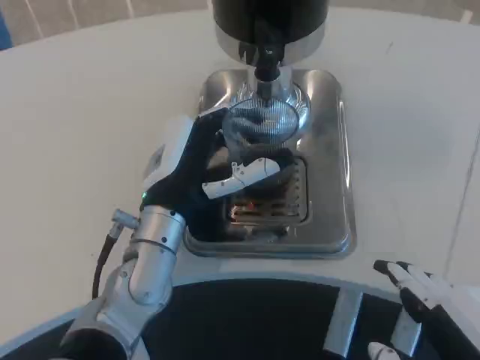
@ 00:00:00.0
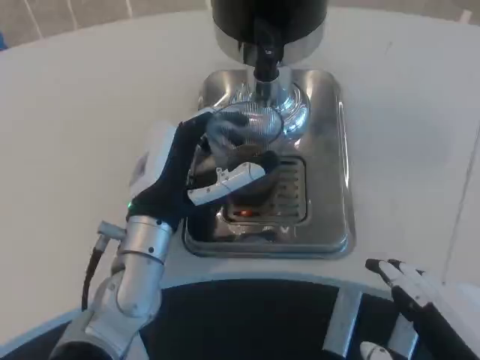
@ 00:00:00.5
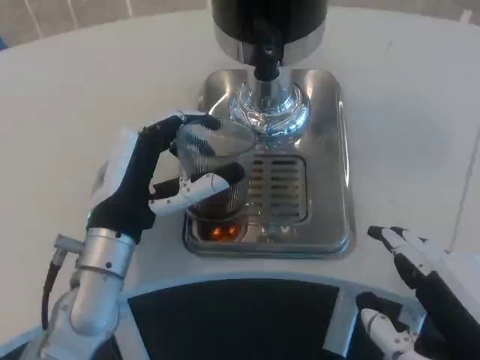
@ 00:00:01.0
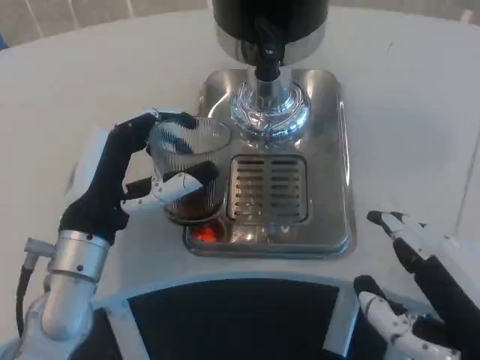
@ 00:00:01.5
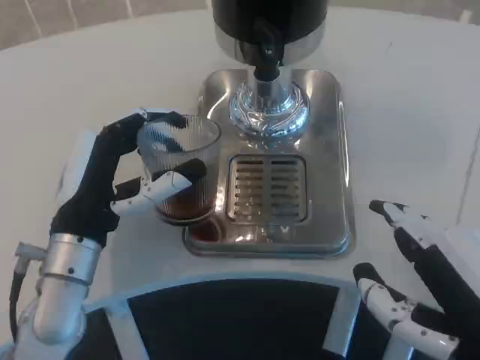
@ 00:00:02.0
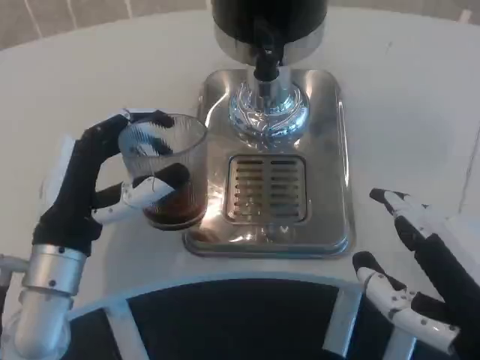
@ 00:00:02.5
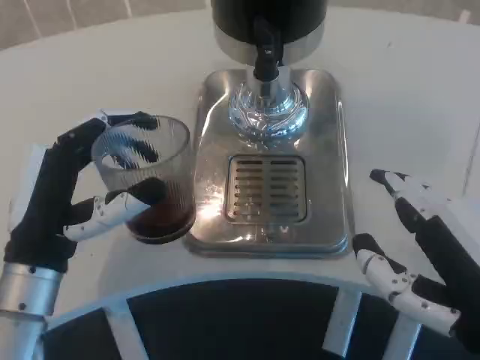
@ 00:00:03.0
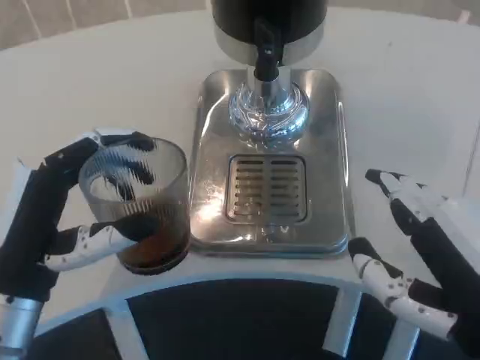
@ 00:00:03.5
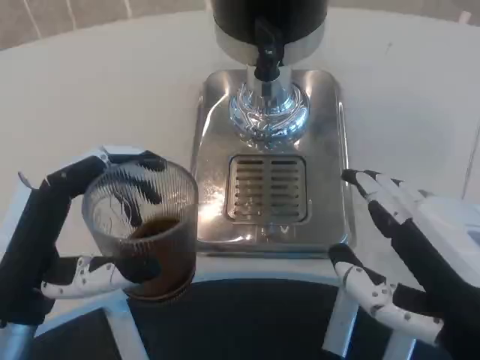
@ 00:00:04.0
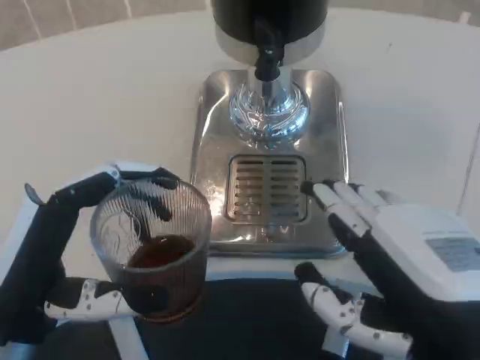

==*==

*Task prompt*
Strip out the pictures and reproduce the remaining material above exactly.

*Task output*
@ 00:00:00.0
@ 00:00:00.5
@ 00:00:01.0
@ 00:00:01.5
@ 00:00:02.0
@ 00:00:02.5
@ 00:00:03.0
@ 00:00:03.5
@ 00:00:04.0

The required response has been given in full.